Nur bewusst wahrgenommener Stress lässt sich reduzieren. Aufmerksam werden sollte eine Person, wenn zunehmend Gefühle von Überlastung und Überforderung in den Vordergrund rücken und sie kaum Zeit für sich findet. Auch, wer sich immer öfter gehetzt und angespannt fühlt, sollte versuchen, Stress abzubauen. Neben Erholungszeiten sowie einer Veränderung der Stress auslösenden Lebenssituation spielen Entspannungsmethoden und Bewegung eine bedeutende Rolle bei der Stressreduzierung. Der Körper kann Stresshormone abbauen und zugleich entspannende Hormone freisetzen, darunter Serotonin und Dopamin.
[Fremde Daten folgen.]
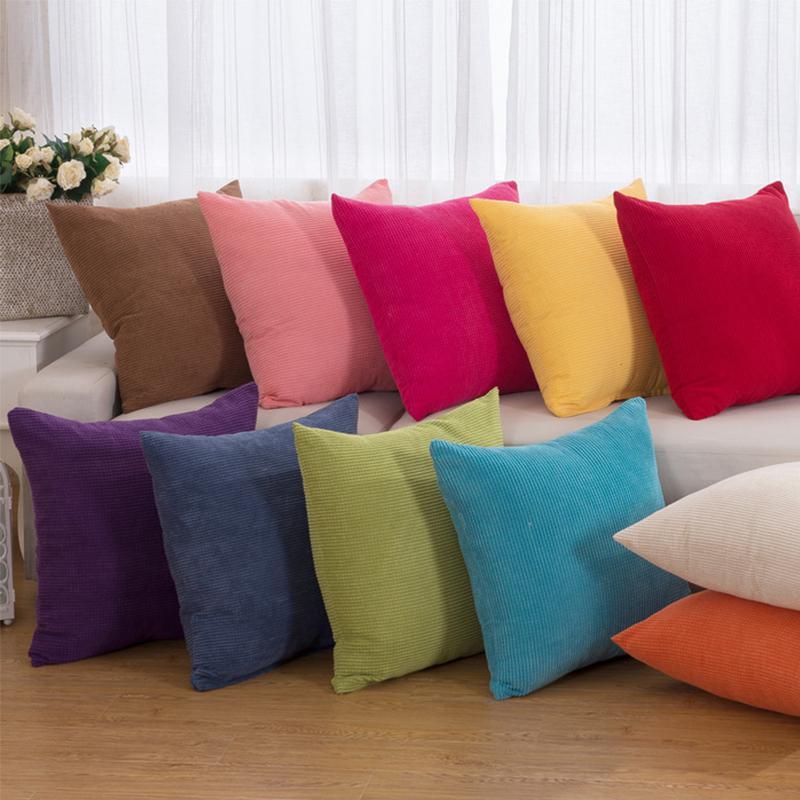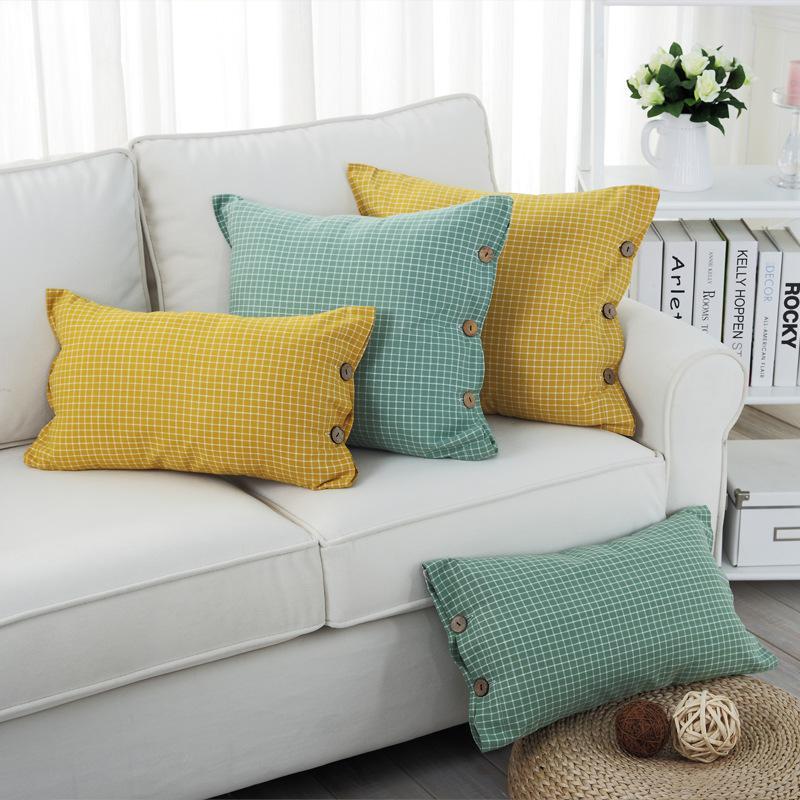The first image is the image on the left, the second image is the image on the right. Given the left and right images, does the statement "Two different colored pillows are stacked horizontally on a floor beside no more than two other different colored pillows." hold true? Answer yes or no. No. The first image is the image on the left, the second image is the image on the right. Analyze the images presented: Is the assertion "One image features at least one pillow with button closures, and the other image contains at least 7 square pillows of different colors." valid? Answer yes or no. Yes.

Verschlechtere sich das Allgemeinbefinden und komme jemand aus eigener Kraft nicht aus der Belastungsspirale heraus, sollte man sich Hilfe holen, rät der Experte. Der erste Kontakt könne der Hausarzt sein. Dieser überweise bei Bedarf zu einem Psychotherapeuten, Psychiater oder Psychologen.

Transparenzhinweis
  • Die Informationen ersetzen keine ärztliche Beratung und dürfen daher nicht zur Selbsttherapie verwendet werden.
Verwendete Quellen
  • internisten-im-netz.de: "Stress". Online-Information des Berufsverbands Deutscher Internistinnen und Internisten e. V. (BDI). (Stand: Aufgerufen am 28. Juni 2024)
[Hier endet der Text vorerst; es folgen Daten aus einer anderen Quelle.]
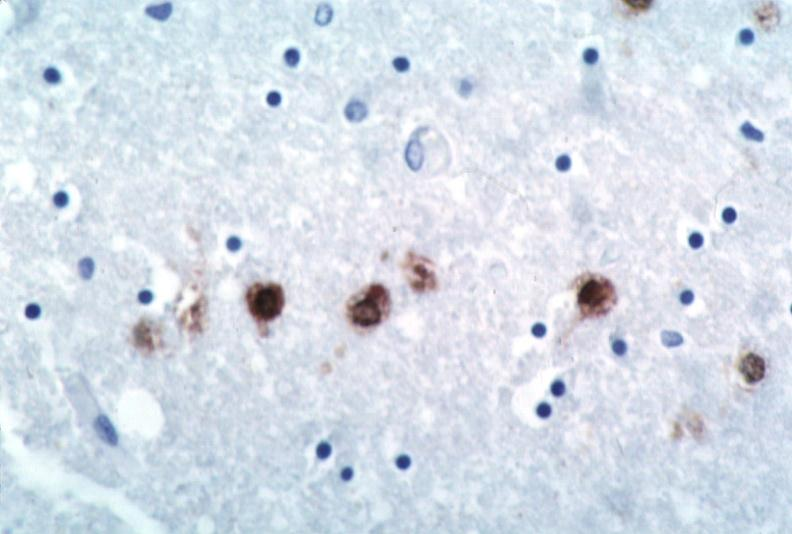s nervous present?
Answer the question using a single word or phrase. Yes

  • bmz.de: "Resilienz". Online-Information des Bundesministeriums für wirtschaftliche Zusammenarbeit und Entwicklung. (Stand: Aufgerufen am 28. Juni 2024)
  • gesundheitsinformation.de: "Wie funktioniert das Nervensystem?". Online-Information des Instituts für Qualität und Wirtschaftlichkeit im Gesundheitswesen (IQWiG). (Stand: 5. April 2023)
  • gesund.bund.de: "Stress: Auswirkungen auf Körper und Psyche". Online-Information des Bundesministeriums für Gesundheit. (Stand: 31. Januar 2022)
  • gesund.bund.de: "Entspannungsmethoden: Welche Techniken gegen Stress helfen können". Online-Information des Bundesministeriums für Gesundheit. (Stand: 18. Januar 2022)
  • leitbegriffe-bzga.de: "Stress und Stressbewältigung". Online-Information der Bundeszentrale für gesundheitliche Aufklärung (BZgA). (Stand: 7. Januar 2022)
  • ncbi.nlm.nih.gov: "High Cortisol and the Risk of Dementia and Alzheimer’s Disease: A Review of the Literature". Online-Information der National Library of Medicine. (Stand: 2019)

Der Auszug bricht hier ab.